In contrast, 79.7% of the patients in the present study received immunotherapy as a second-line (or beyond) treatment; their median PFS, OS, and 1-year OS rates were comparable to those receiving nivolumab as a second-line treatment. It might not be appropriate to compare the data of a retrospective study directly with that of prospective clinical trials. However, these results could be explained by the fact that most of the patients included in the present analysis had an ECOG-PS score of 0–1 (96.9%), and 40 (62.5%) patients were heavy smokers. A real-world study in Canada indicated that patients with an ECOG-PS score of 0–1 benefited more significantly compared with those with an ECOG-PS score of 2, with median OS times of 12.91 and 6.77 months, respectively (18). Patients with an ECOG-PS of 2 might have been excluded from most immunotherapy trials. The available data suggested that patients with an ECOG-PS score of 2 had a worse prognosis, and that an ECOG-PS of 2 might be a predictor for shorter PFS and OS (18-22).

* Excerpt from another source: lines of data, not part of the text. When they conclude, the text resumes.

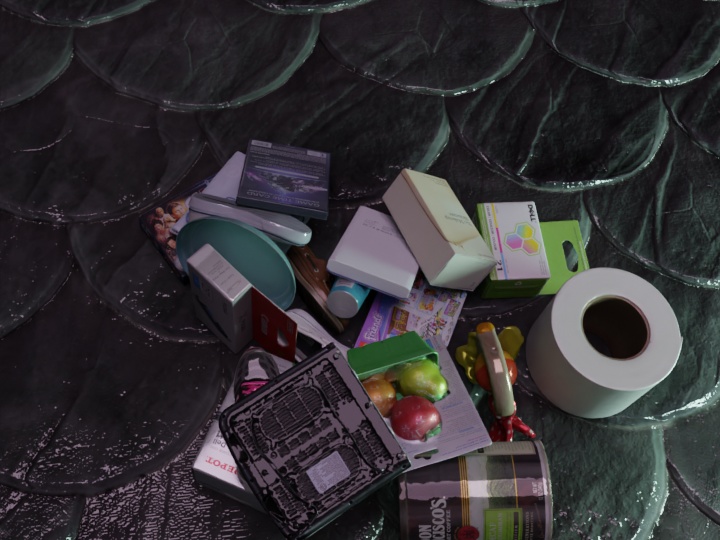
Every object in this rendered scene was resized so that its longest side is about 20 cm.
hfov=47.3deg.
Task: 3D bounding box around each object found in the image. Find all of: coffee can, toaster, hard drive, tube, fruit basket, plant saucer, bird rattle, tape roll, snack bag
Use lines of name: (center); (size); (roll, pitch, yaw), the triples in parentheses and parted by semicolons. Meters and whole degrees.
coffee can: (0.152, 0.310, 1.135); (0.200, 0.146, 0.147); (-3, 63, 3)
toaster: (-0.064, 0.217, 1.004); (0.200, 0.119, 0.181); (-32, 79, -12)
hard drive: (0.034, -0.033, 1.325); (0.132, 0.025, 0.200); (21, 32, 4)
tube: (0.000, 0.000, 1.319); (0.077, 0.050, 0.200); (27, 36, 1)
fruit basket: (0.059, 0.189, 1.142); (0.185, 0.094, 0.200); (-16, 53, -9)
plant saucer: (-0.185, -0.010, 1.249); (0.200, 0.200, 0.027); (24, 51, 5)
bird rattle: (0.198, 0.168, 1.232); (0.112, 0.163, 0.200); (-8, 53, 9)
tape roll: (0.373, 0.114, 1.283); (0.202, 0.139, 0.203); (3, 63, -6)
snack bag: (-0.179, -0.097, 1.340); (0.188, 0.021, 0.200); (25, 60, 12)

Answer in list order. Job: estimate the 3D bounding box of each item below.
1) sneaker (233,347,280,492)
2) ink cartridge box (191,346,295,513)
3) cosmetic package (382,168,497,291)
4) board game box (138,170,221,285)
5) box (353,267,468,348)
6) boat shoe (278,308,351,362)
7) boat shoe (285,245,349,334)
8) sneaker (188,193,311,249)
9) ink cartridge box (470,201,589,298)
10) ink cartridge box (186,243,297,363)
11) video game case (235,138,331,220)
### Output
sneaker: (-0.139, 0.192, 1.115); (0.074, 0.087, 0.200); (1, 64, -6)
ink cartridge box: (-0.136, 0.234, 1.192); (0.146, 0.083, 0.200); (21, 64, 5)
cosmetic package: (0.126, -0.067, 1.338); (0.103, 0.073, 0.200); (8, 41, -40)
board game box: (-0.246, -0.082, 1.366); (0.200, 0.035, 0.136); (-34, 71, -21)
box: (0.080, 0.085, 1.318); (0.137, 0.039, 0.200); (22, 63, 5)
boat shoe: (-0.055, 0.138, 1.246); (0.200, 0.074, 0.065); (34, 26, 14)
boat shoe: (-0.074, 0.011, 1.319); (0.068, 0.072, 0.200); (-34, 72, -20)
sneaker: (-0.172, -0.062, 1.267); (0.200, 0.071, 0.073); (17, 19, 13)
ink cartridge box: (0.295, -0.038, 1.386); (0.200, 0.076, 0.148); (-3, 64, -7)
ink cartridge box: (-0.172, 0.071, 1.203); (0.176, 0.200, 0.045); (40, 66, 13)
video game case: (-0.121, -0.152, 1.339); (0.143, 0.019, 0.200); (10, 35, -7)
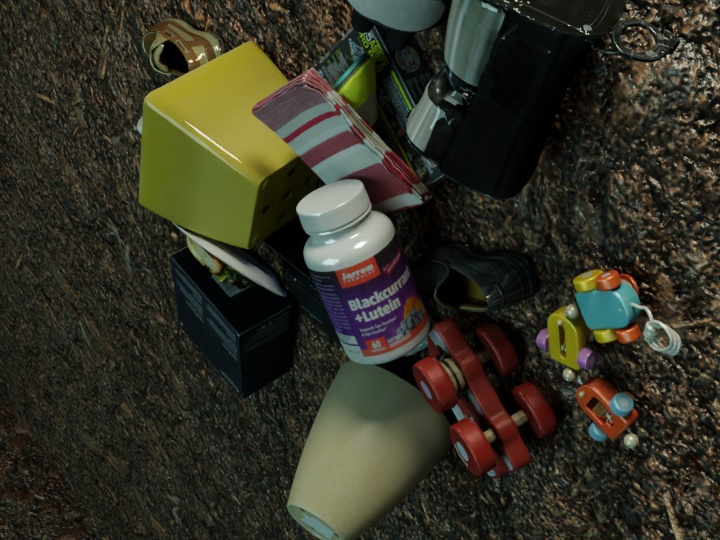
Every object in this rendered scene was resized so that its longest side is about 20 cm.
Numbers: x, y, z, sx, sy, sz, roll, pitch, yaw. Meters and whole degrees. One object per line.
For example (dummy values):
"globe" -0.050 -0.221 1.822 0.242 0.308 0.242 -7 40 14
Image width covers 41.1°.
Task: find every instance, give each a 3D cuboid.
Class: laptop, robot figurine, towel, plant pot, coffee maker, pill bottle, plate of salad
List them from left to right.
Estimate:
"plate of salad" -0.193 -0.011 1.376 0.200 0.048 0.200 34 -179 -1
"plant pot" -0.162 -0.150 1.291 0.176 0.200 0.200 38 141 18
"laptop" -0.094 0.023 1.384 0.177 0.103 0.201 38 140 35
"towel" -0.025 -0.133 1.094 0.200 0.023 0.144 44 154 -17
"plant pot" -0.003 0.259 1.277 0.187 0.200 0.188 27 151 16
"pill bottle" 0.000 0.000 1.121 0.111 0.111 0.201 11 131 51
"robot figurine" 0.051 -0.315 0.927 0.200 0.150 0.125 111 147 -50
"coffee maker" 0.147 -0.166 0.879 0.192 0.134 0.200 46 144 24

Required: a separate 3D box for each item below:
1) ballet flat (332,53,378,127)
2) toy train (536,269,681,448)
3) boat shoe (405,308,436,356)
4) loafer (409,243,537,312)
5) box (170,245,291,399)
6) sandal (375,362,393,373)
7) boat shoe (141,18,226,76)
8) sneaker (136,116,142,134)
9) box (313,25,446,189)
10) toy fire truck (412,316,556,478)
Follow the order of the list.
"ballet flat" -0.017 -0.182 1.099 0.067 0.067 0.200 44 152 -9
"toy train" 0.259 0.081 0.972 0.150 0.056 0.200 46 147 24
"boat shoe" 0.030 0.016 1.236 0.065 0.074 0.202 -32 89 52
"loafer" 0.110 0.012 1.113 0.200 0.072 0.073 -3 111 57
"box" -0.210 0.071 1.567 0.200 0.104 0.182 45 149 27
"sandal" 0.021 0.075 1.301 0.050 0.083 0.203 -14 114 14
"boat shoe" -0.278 -0.328 1.428 0.200 0.074 0.076 22 129 47
"sneaker" -0.276 -0.211 1.534 0.200 0.077 0.082 26 159 45
"box" 0.031 -0.181 1.118 0.160 0.044 0.201 -30 87 57
"toy fire truck" 0.135 0.158 1.162 0.200 0.112 0.168 60 166 8

When considering smoking history, previous studies have shown that tobacco was a major cause of genomic instability and heterogeneity in cancer, and smokers had a higher TMB (23). The EAP study in Italy showed a higher ORR in patients with long-term smoking history, and prolonged PFS was observed in patients with a smoking history of >5 pack-years compared with patients with a smoking history of ≤5 pack-years (24). Moreover, objective responses were observed in 27% of never smokers, 40% of light smokers, and 40% of heavy smokers with NSCLC treated with immunotherapies (24). The 29.2% ORR in this study was closer to that achieved in the aforementioned studies using monotherapy in patients with LUSC. In the present study, patients with a history of heavy smoking tended to have a higher PD-L1 positive rate and higher TMB. The proportion of LUSC patients with positive PD-L1 and high TMB increases with the addition of smoking pack-years. Variables associated with a better ORR or DCR in the multivariate analysis included an ECOG-PS of 0, a history of heavy smoking (≥40 pack-years), and a high TMB. These results might partially explain the similarity between the present study and previous data.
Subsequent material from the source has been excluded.